The endpoints of the webservice are implemented as classes. In the endpoints list, we set up at which URL a certain endpoint will be available. This is standard tornado practice and in fact very similar to Flask.

endpoints = [
    (r"/", Landing),
    (r"/vgg", VGG)
]

In StartService.py we also define a method for initialization of the computation pipeline (that runs the neural net).

def makePipeline():
    """Will be executed from the secondary process. Imports and constructs the computation environment."""
    import Pipeline
    processor = Pipeline.Pipeline("vgg16_weights.h5")
    return processor

The computationBroker from the dualprocessing module will call this on the second thread to create an instance of our computation pipeline.

In the VGG endpoint, we accept HTTP GET to serve an HTML template with a simple form. The user can then put a URL into the form and POST it to the /vgg endpoint.

The url parameter is passed to a dualprocessing.AsyncCall object which is submitted to the computationBroker.

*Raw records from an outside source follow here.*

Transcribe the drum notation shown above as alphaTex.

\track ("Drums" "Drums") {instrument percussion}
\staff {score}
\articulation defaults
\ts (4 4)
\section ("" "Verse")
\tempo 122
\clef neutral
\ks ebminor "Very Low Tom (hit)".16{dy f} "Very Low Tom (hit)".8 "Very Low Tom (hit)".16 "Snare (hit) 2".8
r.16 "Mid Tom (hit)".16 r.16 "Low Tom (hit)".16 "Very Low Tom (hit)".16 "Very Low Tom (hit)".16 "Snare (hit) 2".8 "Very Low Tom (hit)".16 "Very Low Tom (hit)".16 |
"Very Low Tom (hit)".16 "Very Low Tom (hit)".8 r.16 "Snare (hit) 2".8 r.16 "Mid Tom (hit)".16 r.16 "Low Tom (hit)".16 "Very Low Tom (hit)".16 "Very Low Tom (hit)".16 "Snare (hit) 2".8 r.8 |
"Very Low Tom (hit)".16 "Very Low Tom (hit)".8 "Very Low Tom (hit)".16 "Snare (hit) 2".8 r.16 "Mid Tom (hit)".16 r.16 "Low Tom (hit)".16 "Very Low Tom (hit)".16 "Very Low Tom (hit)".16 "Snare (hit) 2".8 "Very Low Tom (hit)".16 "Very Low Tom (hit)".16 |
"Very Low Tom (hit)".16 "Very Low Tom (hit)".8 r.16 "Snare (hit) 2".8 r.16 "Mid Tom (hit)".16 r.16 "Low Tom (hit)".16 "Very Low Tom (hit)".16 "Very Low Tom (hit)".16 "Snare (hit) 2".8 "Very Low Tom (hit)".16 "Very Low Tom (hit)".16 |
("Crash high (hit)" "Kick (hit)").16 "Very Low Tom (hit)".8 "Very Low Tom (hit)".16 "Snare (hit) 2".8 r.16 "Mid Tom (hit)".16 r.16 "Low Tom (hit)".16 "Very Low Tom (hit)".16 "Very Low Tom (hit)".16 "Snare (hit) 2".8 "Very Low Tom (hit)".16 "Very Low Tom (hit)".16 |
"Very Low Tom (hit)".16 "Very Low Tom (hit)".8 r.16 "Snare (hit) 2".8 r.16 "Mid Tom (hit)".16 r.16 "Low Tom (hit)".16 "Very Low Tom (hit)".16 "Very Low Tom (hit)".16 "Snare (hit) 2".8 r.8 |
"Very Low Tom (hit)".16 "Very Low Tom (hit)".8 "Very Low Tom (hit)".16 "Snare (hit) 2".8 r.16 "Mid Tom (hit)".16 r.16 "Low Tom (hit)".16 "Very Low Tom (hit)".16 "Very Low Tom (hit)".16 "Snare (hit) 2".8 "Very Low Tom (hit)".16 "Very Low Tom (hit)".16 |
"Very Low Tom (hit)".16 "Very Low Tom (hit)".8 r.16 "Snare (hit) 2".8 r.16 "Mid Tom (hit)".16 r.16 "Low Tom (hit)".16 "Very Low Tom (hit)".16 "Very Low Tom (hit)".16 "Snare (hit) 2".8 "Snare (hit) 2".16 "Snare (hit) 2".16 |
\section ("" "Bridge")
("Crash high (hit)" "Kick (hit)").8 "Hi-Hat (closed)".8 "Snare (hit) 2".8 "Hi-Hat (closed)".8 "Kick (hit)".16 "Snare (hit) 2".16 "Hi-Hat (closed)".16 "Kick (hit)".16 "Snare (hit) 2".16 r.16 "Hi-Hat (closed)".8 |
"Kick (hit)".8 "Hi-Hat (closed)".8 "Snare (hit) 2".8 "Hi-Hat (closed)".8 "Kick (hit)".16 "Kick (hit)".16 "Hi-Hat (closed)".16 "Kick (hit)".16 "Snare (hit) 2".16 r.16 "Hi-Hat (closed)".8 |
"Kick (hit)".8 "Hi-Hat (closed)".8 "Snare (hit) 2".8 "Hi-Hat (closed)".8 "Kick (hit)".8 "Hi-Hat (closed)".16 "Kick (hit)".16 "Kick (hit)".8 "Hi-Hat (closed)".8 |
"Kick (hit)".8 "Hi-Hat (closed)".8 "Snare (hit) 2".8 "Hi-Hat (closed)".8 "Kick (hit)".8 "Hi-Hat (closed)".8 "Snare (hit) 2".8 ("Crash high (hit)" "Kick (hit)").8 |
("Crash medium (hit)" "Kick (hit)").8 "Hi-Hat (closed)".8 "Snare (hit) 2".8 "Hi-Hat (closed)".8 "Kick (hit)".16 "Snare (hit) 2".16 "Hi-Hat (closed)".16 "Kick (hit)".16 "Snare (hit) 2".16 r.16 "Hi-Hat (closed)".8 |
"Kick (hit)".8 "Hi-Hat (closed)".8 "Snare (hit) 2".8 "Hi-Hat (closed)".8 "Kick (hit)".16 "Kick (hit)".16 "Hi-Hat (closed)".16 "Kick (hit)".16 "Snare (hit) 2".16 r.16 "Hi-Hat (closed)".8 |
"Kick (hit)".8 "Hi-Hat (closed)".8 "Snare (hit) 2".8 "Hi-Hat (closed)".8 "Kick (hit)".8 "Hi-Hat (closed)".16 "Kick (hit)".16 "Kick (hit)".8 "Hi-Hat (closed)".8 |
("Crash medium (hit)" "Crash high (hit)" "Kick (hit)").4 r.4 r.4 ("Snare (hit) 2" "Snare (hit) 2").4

class VGG(tornado.web.RequestHandler):
    """POST a URL of an image to this address to run it through VGG-16."""
    def get(self):
        self.render('templates/vgg.html')

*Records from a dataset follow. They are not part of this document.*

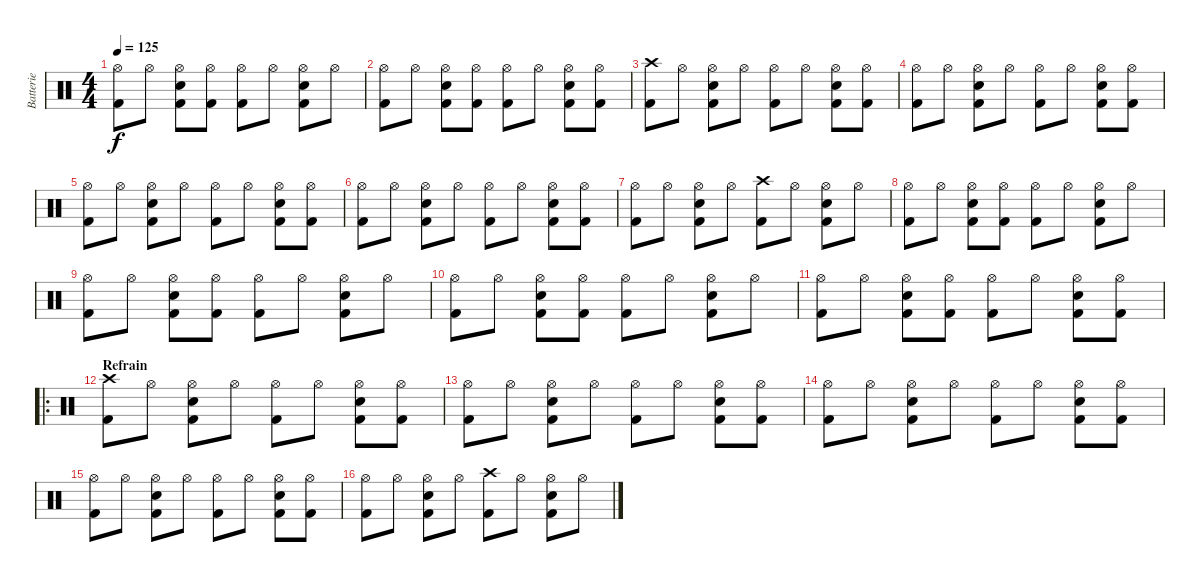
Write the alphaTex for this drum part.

\track ("Batterie" "Batterie") {instrument percussion}
\staff {score}
\articulation defaults
\ts (4 4)
\tempo 125
\clef neutral
\ks c
("Hi-Hat (open)" "Kick (hit) 2").8{dy f} "Hi-Hat (open)".8 ("Hi-Hat (open)" "Kick (hit) 2" "Electric Snare (hit)").8 ("Hi-Hat (open)" "Kick (hit) 2").8 ("Hi-Hat (open)" "Kick (hit) 2").8 "Hi-Hat (open)".8 ("Hi-Hat (open)" "Kick (hit) 2" "Electric Snare (hit)").8 "Hi-Hat (open)".8 |
("Hi-Hat (open)" "Kick (hit) 2").8 "Hi-Hat (open)".8 ("Hi-Hat (open)" "Kick (hit) 2" "Electric Snare (hit)").8 ("Hi-Hat (open)" "Kick (hit) 2").8 ("Hi-Hat (open)" "Kick (hit) 2").8 "Hi-Hat (open)".8 ("Hi-Hat (open)" "Kick (hit) 2" "Electric Snare (hit)").8 ("Hi-Hat (open)" "Kick (hit) 2").8 |
("Kick (hit) 2" "Crash high (hit)").8 "Hi-Hat (open)".8 ("Hi-Hat (open)" "Kick (hit) 2" "Electric Snare (hit)").8 "Hi-Hat (open)".8 ("Hi-Hat (open)" "Kick (hit) 2").8 "Hi-Hat (open)".8 ("Hi-Hat (open)" "Kick (hit) 2" "Electric Snare (hit)").8 ("Hi-Hat (open)" "Kick (hit) 2").8 |
("Hi-Hat (open)" "Kick (hit) 2").8 "Hi-Hat (open)".8 ("Hi-Hat (open)" "Kick (hit) 2" "Electric Snare (hit)").8 "Hi-Hat (open)".8 ("Hi-Hat (open)" "Kick (hit) 2").8 "Hi-Hat (open)".8 ("Hi-Hat (open)" "Kick (hit) 2" "Electric Snare (hit)").8 ("Hi-Hat (open)" "Kick (hit) 2").8 |
("Hi-Hat (open)" "Kick (hit) 2").8 "Hi-Hat (open)".8 ("Hi-Hat (open)" "Kick (hit) 2" "Electric Snare (hit)").8 "Hi-Hat (open)".8 ("Hi-Hat (open)" "Kick (hit) 2").8 "Hi-Hat (open)".8 ("Hi-Hat (open)" "Kick (hit) 2" "Electric Snare (hit)").8 ("Hi-Hat (open)" "Kick (hit) 2").8 |
("Hi-Hat (open)" "Kick (hit) 2").8 "Hi-Hat (open)".8 ("Hi-Hat (open)" "Kick (hit) 2" "Electric Snare (hit)").8 "Hi-Hat (open)".8 ("Hi-Hat (open)" "Kick (hit) 2").8 "Hi-Hat (open)".8 ("Hi-Hat (open)" "Kick (hit) 2" "Electric Snare (hit)").8 ("Hi-Hat (open)" "Kick (hit) 2").8 |
("Hi-Hat (open)" "Kick (hit) 2").8 "Hi-Hat (open)".8 ("Hi-Hat (open)" "Kick (hit) 2" "Electric Snare (hit)").8 "Hi-Hat (open)".8 ("Kick (hit) 2" "Crash high (hit)").8 "Hi-Hat (open)".8 ("Hi-Hat (open)" "Kick (hit) 2" "Electric Snare (hit)").8 "Hi-Hat (open)".8 |
("Hi-Hat (open)" "Kick (hit) 2").8 "Hi-Hat (open)".8 ("Hi-Hat (open)" "Kick (hit) 2" "Electric Snare (hit)").8 ("Hi-Hat (open)" "Kick (hit) 2").8 ("Hi-Hat (open)" "Kick (hit) 2").8 "Hi-Hat (open)".8 ("Hi-Hat (open)" "Kick (hit) 2" "Electric Snare (hit)").8 "Hi-Hat (open)".8 |
("Hi-Hat (open)" "Kick (hit) 2").8 "Hi-Hat (open)".8 ("Hi-Hat (open)" "Kick (hit) 2" "Electric Snare (hit)").8 ("Hi-Hat (open)" "Kick (hit) 2").8 ("Hi-Hat (open)" "Kick (hit) 2").8 "Hi-Hat (open)".8 ("Hi-Hat (open)" "Kick (hit) 2" "Electric Snare (hit)").8 "Hi-Hat (open)".8 |
("Hi-Hat (open)" "Kick (hit) 2").8 "Hi-Hat (open)".8 ("Hi-Hat (open)" "Kick (hit) 2" "Electric Snare (hit)").8 ("Hi-Hat (open)" "Kick (hit) 2").8 ("Hi-Hat (open)" "Kick (hit) 2").8 "Hi-Hat (open)".8 ("Hi-Hat (open)" "Kick (hit) 2" "Electric Snare (hit)").8 "Hi-Hat (open)".8 |
("Hi-Hat (open)" "Kick (hit) 2").8 "Hi-Hat (open)".8 ("Hi-Hat (open)" "Kick (hit) 2" "Electric Snare (hit)").8 ("Hi-Hat (open)" "Kick (hit) 2").8 ("Hi-Hat (open)" "Kick (hit) 2").8 "Hi-Hat (open)".8 ("Hi-Hat (open)" "Kick (hit) 2" "Electric Snare (hit)").8 ("Hi-Hat (open)" "Kick (hit) 2").8 |
\ro
\section ("" "Refrain")
("Kick (hit) 2" "Crash high (hit)").8 "Hi-Hat (open)".8 ("Hi-Hat (open)" "Kick (hit) 2" "Electric Snare (hit)").8 "Hi-Hat (open)".8 ("Hi-Hat (open)" "Kick (hit) 2").8 "Hi-Hat (open)".8 ("Hi-Hat (open)" "Kick (hit) 2" "Electric Snare (hit)").8 ("Hi-Hat (open)" "Kick (hit) 2").8 |
("Hi-Hat (open)" "Kick (hit) 2").8 "Hi-Hat (open)".8 ("Hi-Hat (open)" "Kick (hit) 2" "Electric Snare (hit)").8 "Hi-Hat (open)".8 ("Hi-Hat (open)" "Kick (hit) 2").8 "Hi-Hat (open)".8 ("Hi-Hat (open)" "Kick (hit) 2" "Electric Snare (hit)").8 ("Hi-Hat (open)" "Kick (hit) 2").8 |
("Hi-Hat (open)" "Kick (hit) 2").8 "Hi-Hat (open)".8 ("Hi-Hat (open)" "Kick (hit) 2" "Electric Snare (hit)").8 "Hi-Hat (open)".8 ("Hi-Hat (open)" "Kick (hit) 2").8 "Hi-Hat (open)".8 ("Hi-Hat (open)" "Kick (hit) 2" "Electric Snare (hit)").8 ("Hi-Hat (open)" "Kick (hit) 2").8 |
("Hi-Hat (open)" "Kick (hit) 2").8 "Hi-Hat (open)".8 ("Hi-Hat (open)" "Kick (hit) 2" "Electric Snare (hit)").8 "Hi-Hat (open)".8 ("Hi-Hat (open)" "Kick (hit) 2").8 "Hi-Hat (open)".8 ("Hi-Hat (open)" "Kick (hit) 2" "Electric Snare (hit)").8 ("Hi-Hat (open)" "Kick (hit) 2").8 |
("Hi-Hat (open)" "Kick (hit) 2").8 "Hi-Hat (open)".8 ("Hi-Hat (open)" "Kick (hit) 2" "Electric Snare (hit)").8 "Hi-Hat (open)".8 ("Kick (hit) 2" "Crash high (hit)").8 "Hi-Hat (open)".8 ("Hi-Hat (open)" "Kick (hit) 2" "Electric Snare (hit)").8 "Hi-Hat (open)".8

    @tornado.gen.coroutine
    def post(self):
        try:
            url = self.get_argument("url", None)
            if (not url):   # take a default image
                url = "https://upload.wikimedia.org/wikipedia/commons/thumb/4/4d/Serpent_roi_bandes_grises_01.JPG/300px-Serpent_roi_bandes_grises_01.JPG"
            call = dualprocessing.AsyncCall("predict", url=url)
            response = yield computationBroker.submit_call_async(call)
            if (response.Success):
                self.write(response.Result)
            else:
                raise response.Error
        except:
            def lastExceptionString():
                exc_type, ex, exc_tb = sys.exc_info()
                fname = os.path.split(exc_tb.tb_frame.f_code.co_filename)[1]
                return "{0} in {1}:{2}".format(ex, fname, exc_tb.tb_lineno)
            exmsg = lastExceptionString()
            logging.critical(exmsg)
            self.write(exmsg)

Pipeline

In Pipeline.py, the model is loaded upon initialization.

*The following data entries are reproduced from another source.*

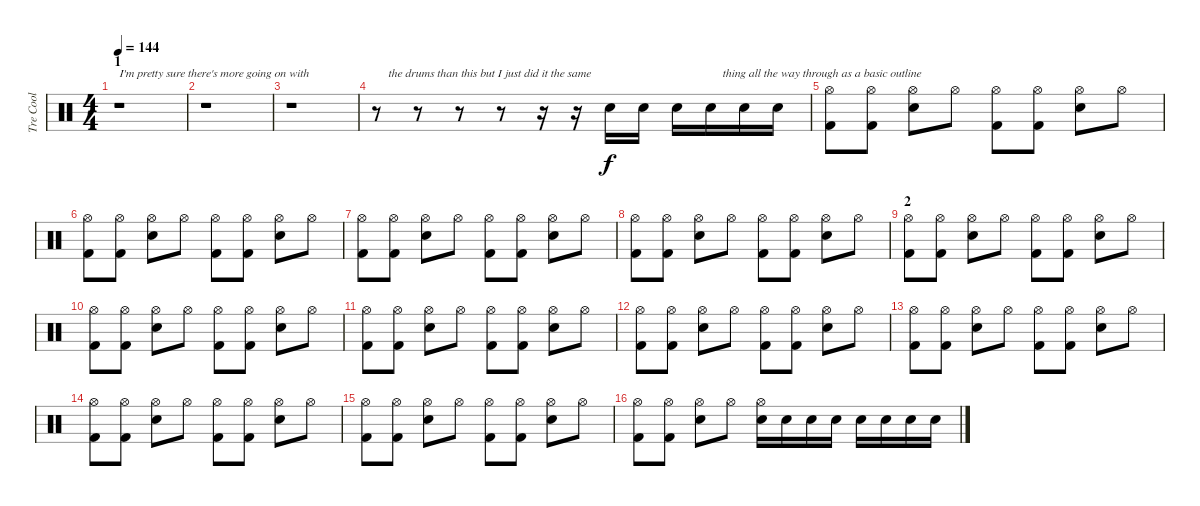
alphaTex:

\track ("Tre Cool" "Tre Cool") {instrument percussion}
\staff {score}
\articulation defaults
\ts (4 4)
\section ("" "1")
\tempo 144
\clef neutral
\ks c
r.1{txt "I'm pretty sure there's more going on with" dy f} |
r.1 |
r.1 |
r.8{txt "    the drums than this but I just did it the same"} r.8 r.8 r.8 r.16 r.16 "Electric Snare (hit)".16 "Electric Snare (hit)".16 "Electric Snare (hit)".16 "Electric Snare (hit)".16{txt "    thing all the way through as a basic outline"} "Electric Snare (hit)".16 "Electric Snare (hit)".16 |
("Hi-Hat (open)" "Kick (hit) 2").8 ("Hi-Hat (open)" "Kick (hit) 2").8 ("Hi-Hat (open)" "Electric Snare (hit)").8 "Hi-Hat (open)".8 ("Hi-Hat (open)" "Kick (hit) 2").8 ("Hi-Hat (open)" "Kick (hit) 2").8 ("Hi-Hat (open)" "Electric Snare (hit)").8 "Hi-Hat (open)".8 |
("Hi-Hat (open)" "Kick (hit) 2").8 ("Hi-Hat (open)" "Kick (hit) 2").8 ("Hi-Hat (open)" "Electric Snare (hit)").8 "Hi-Hat (open)".8 ("Hi-Hat (open)" "Kick (hit) 2").8 ("Hi-Hat (open)" "Kick (hit) 2").8 ("Hi-Hat (open)" "Electric Snare (hit)").8 "Hi-Hat (open)".8 |
("Hi-Hat (open)" "Kick (hit) 2").8 ("Hi-Hat (open)" "Kick (hit) 2").8 ("Hi-Hat (open)" "Electric Snare (hit)").8 "Hi-Hat (open)".8 ("Hi-Hat (open)" "Kick (hit) 2").8 ("Hi-Hat (open)" "Kick (hit) 2").8 ("Hi-Hat (open)" "Electric Snare (hit)").8 "Hi-Hat (open)".8 |
("Hi-Hat (open)" "Kick (hit) 2").8 ("Hi-Hat (open)" "Kick (hit) 2").8 ("Hi-Hat (open)" "Electric Snare (hit)").8 "Hi-Hat (open)".8 ("Hi-Hat (open)" "Kick (hit) 2").8 ("Hi-Hat (open)" "Kick (hit) 2").8 ("Hi-Hat (open)" "Electric Snare (hit)").8 "Hi-Hat (open)".8 |
\section ("" "2")
("Hi-Hat (open)" "Kick (hit) 2").8 ("Hi-Hat (open)" "Kick (hit) 2").8 ("Hi-Hat (open)" "Electric Snare (hit)").8 "Hi-Hat (open)".8 ("Hi-Hat (open)" "Kick (hit) 2").8 ("Hi-Hat (open)" "Kick (hit) 2").8 ("Hi-Hat (open)" "Electric Snare (hit)").8 "Hi-Hat (open)".8 |
("Hi-Hat (open)" "Kick (hit) 2").8 ("Hi-Hat (open)" "Kick (hit) 2").8 ("Hi-Hat (open)" "Electric Snare (hit)").8 "Hi-Hat (open)".8 ("Hi-Hat (open)" "Kick (hit) 2").8 ("Hi-Hat (open)" "Kick (hit) 2").8 ("Hi-Hat (open)" "Electric Snare (hit)").8 "Hi-Hat (open)".8 |
("Hi-Hat (open)" "Kick (hit) 2").8 ("Hi-Hat (open)" "Kick (hit) 2").8 ("Hi-Hat (open)" "Electric Snare (hit)").8 "Hi-Hat (open)".8 ("Hi-Hat (open)" "Kick (hit) 2").8 ("Hi-Hat (open)" "Kick (hit) 2").8 ("Hi-Hat (open)" "Electric Snare (hit)").8 "Hi-Hat (open)".8 |
("Hi-Hat (open)" "Kick (hit) 2").8 ("Hi-Hat (open)" "Kick (hit) 2").8 ("Hi-Hat (open)" "Electric Snare (hit)").8 "Hi-Hat (open)".8 ("Hi-Hat (open)" "Kick (hit) 2").8 ("Hi-Hat (open)" "Kick (hit) 2").8 ("Hi-Hat (open)" "Electric Snare (hit)").8 "Hi-Hat (open)".8 |
("Hi-Hat (open)" "Kick (hit) 2").8 ("Hi-Hat (open)" "Kick (hit) 2").8 ("Hi-Hat (open)" "Electric Snare (hit)").8 "Hi-Hat (open)".8 ("Hi-Hat (open)" "Kick (hit) 2").8 ("Hi-Hat (open)" "Kick (hit) 2").8 ("Hi-Hat (open)" "Electric Snare (hit)").8 "Hi-Hat (open)".8 |
("Hi-Hat (open)" "Kick (hit) 2").8 ("Hi-Hat (open)" "Kick (hit) 2").8 ("Hi-Hat (open)" "Electric Snare (hit)").8 "Hi-Hat (open)".8 ("Hi-Hat (open)" "Kick (hit) 2").8 ("Hi-Hat (open)" "Kick (hit) 2").8 ("Hi-Hat (open)" "Electric Snare (hit)").8 "Hi-Hat (open)".8 |
("Hi-Hat (open)" "Kick (hit) 2").8 ("Hi-Hat (open)" "Kick (hit) 2").8 ("Hi-Hat (open)" "Electric Snare (hit)").8 "Hi-Hat (open)".8 ("Hi-Hat (open)" "Kick (hit) 2").8 ("Hi-Hat (open)" "Kick (hit) 2").8 ("Hi-Hat (open)" "Electric Snare (hit)").8 "Hi-Hat (open)".8 |
("Hi-Hat (open)" "Kick (hit) 2").8 ("Hi-Hat (open)" "Kick (hit) 2").8 ("Hi-Hat (open)" "Electric Snare (hit)").8 "Hi-Hat (open)".8 ("Hi-Hat (open)" "Electric Snare (hit)").16 "Electric Snare (hit)".16 "Electric Snare (hit)".16 "Electric Snare (hit)".16 "Electric Snare (hit)".16 "Electric Snare (hit)".16 "Electric Snare (hit)".16 "Electric Snare (hit)".16

Side Note: The GoogleDrive does not allow hotlinking, so you have to download it manually..

class Pipeline(object):
    """Takes care of running computations."""
    def __init__(self, weights_path="vgg16.hdf5", download_from="https://docs.google.com/uc?id=0Bz7KyqmuGsilT0J5dmRCM0ROVHc&export=download"):
        """ ... """
        # load the model
        self.VGG = self.get_vgg(weights_path, download_from)
        return

In the predict method, images are downloaded and fed to the VGG network:

    def predict(self, url):
        ############## Prepare input
        # download the image
        filename = "temp" + os.path.splitext(url)[1]
        urllib.request.urlretrieve(url, filename)
        # load the image
        input = buddy.load_and_preprocess_image(filename, 224, True)
        ############## Predict
        input_batch = numpy.array([input])
        prediction = self.VGG.predict(input_batch)[0]
        ############## Return the ImageNet class label
        predicted_class = numpy.argmax(prediction)
        return buddy.IMAGENET_CLASSES[predicted_class]

Any questions, comments, improvements left? Feel free to open an issue!